When you copy from the entries that follow, take only the lines from the one with "A life coach" down to the one with "3) Evaluate the", keeping both ends and dropping every picture.

DATASET RECORDS:
*****
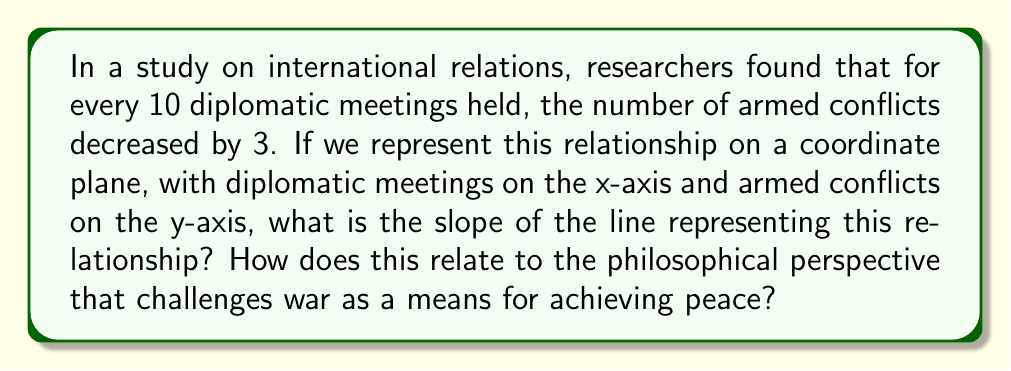Help me with this question. To find the slope of the line, we need to use the slope formula:

$$ m = \frac{\Delta y}{\Delta x} = \frac{y_2 - y_1}{x_2 - x_1} $$

Where:
$m$ is the slope
$\Delta y$ is the change in y (armed conflicts)
$\Delta x$ is the change in x (diplomatic meetings)

From the given information:
$\Delta x = 10$ (diplomatic meetings)
$\Delta y = -3$ (decrease in armed conflicts)

Plugging these values into the slope formula:

$$ m = \frac{-3}{10} = -0.3 $$

The negative slope indicates an inverse relationship between diplomatic efforts and armed conflicts. This aligns with the philosophical perspective challenging war as a means for peace, as it shows that increased diplomatic efforts correlate with decreased conflicts.

To express this as a fraction in lowest terms:

$$ m = -\frac{3}{10} = -\frac{3 \div 3}{10 \div 3} = -\frac{1}{3\frac{1}{3}} $$
Answer: $-\frac{3}{10}$ or $-0.3$ 
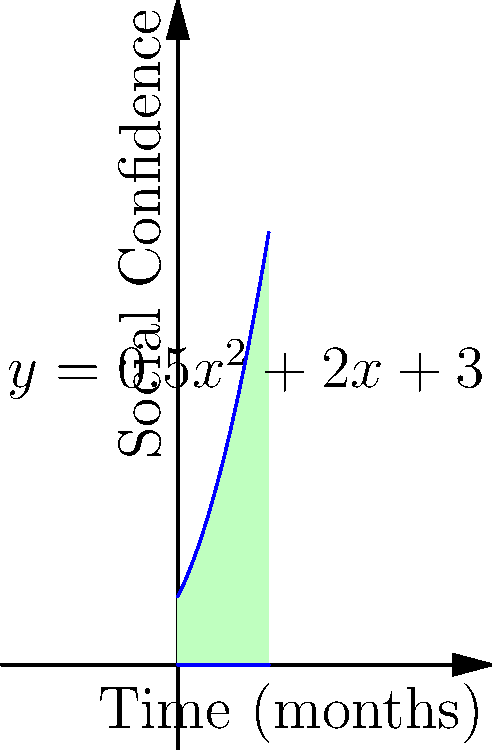A life coach is tracking a client's progress in overcoming social anxiety. The client's social confidence over time can be modeled by the function $f(x) = 0.5x^2 + 2x + 3$, where $x$ represents the number of months since starting therapy and $f(x)$ represents the client's confidence level. Calculate the total improvement in social confidence over the first 4 months of therapy by finding the area under the curve from $x=0$ to $x=4$. To find the area under the curve, we need to integrate the function $f(x) = 0.5x^2 + 2x + 3$ from $x=0$ to $x=4$. Here's how we do it:

1) Set up the definite integral:
   $$\int_0^4 (0.5x^2 + 2x + 3) dx$$

2) Integrate each term:
   $$\left[\frac{1}{3}(0.5x^3) + x^2 + 3x\right]_0^4$$

3) Evaluate the integral at the upper and lower bounds:
   $$\left(\frac{1}{3}(0.5(4^3)) + 4^2 + 3(4)\right) - \left(\frac{1}{3}(0.5(0^3)) + 0^2 + 3(0)\right)$$

4) Simplify:
   $$(10.67 + 16 + 12) - (0 + 0 + 0) = 38.67$$

Therefore, the total improvement in social confidence over the first 4 months is 38.67 units.
Answer: 38.67 units 
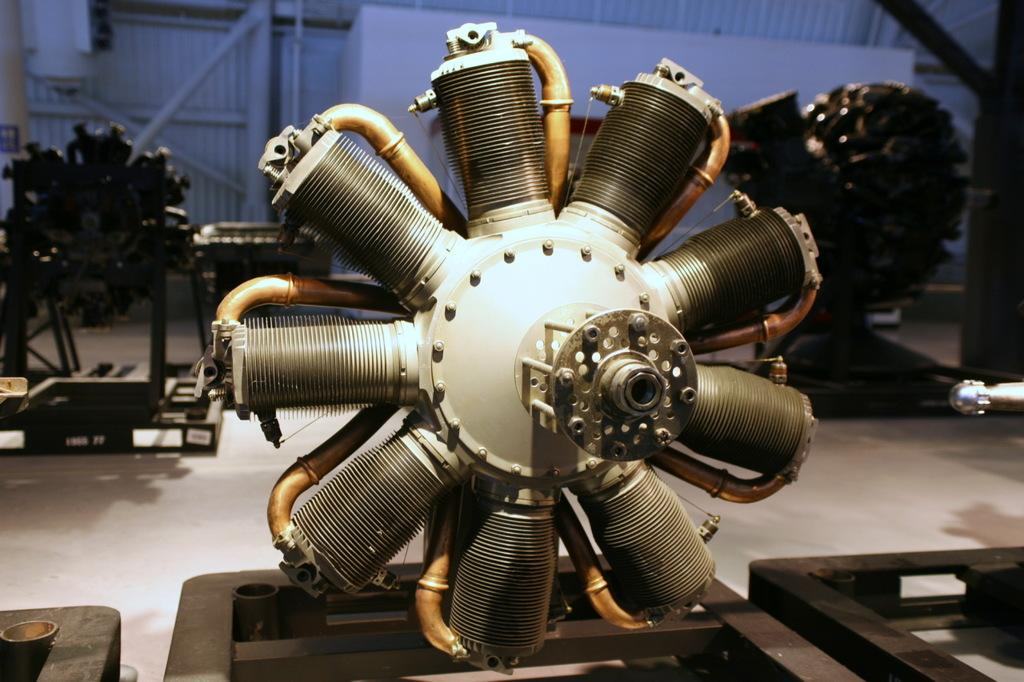What objects are on stands in the image? There are engines on stands in the image. Where are the stands placed? The stands are placed on the floor. What type of material are the poles made of? The poles visible in the image are made of metal. What type of structure can be seen in the image? There is a shed in the image. How many people are getting a haircut in the image? There is no indication of a haircut or any people in the image. What color are the eyes of the person in the image? There are no people or eyes visible in the image.
*****
EXPECTED OUTPUT:
A life coach is tracking a client's progress in overcoming social anxiety. The client's social confidence over time can be modeled by the function $f(x) = 0.5x^2 + 2x + 3$, where $x$ represents the number of months since starting therapy and $f(x)$ represents the client's confidence level. Calculate the total improvement in social confidence over the first 4 months of therapy by finding the area under the curve from $x=0$ to $x=4$. To find the area under the curve, we need to integrate the function $f(x) = 0.5x^2 + 2x + 3$ from $x=0$ to $x=4$. Here's how we do it:

1) Set up the definite integral:
   $$\int_0^4 (0.5x^2 + 2x + 3) dx$$

2) Integrate each term:
   $$\left[\frac{1}{3}(0.5x^3) + x^2 + 3x\right]_0^4$$

3) Evaluate the integral at the upper and lower bounds:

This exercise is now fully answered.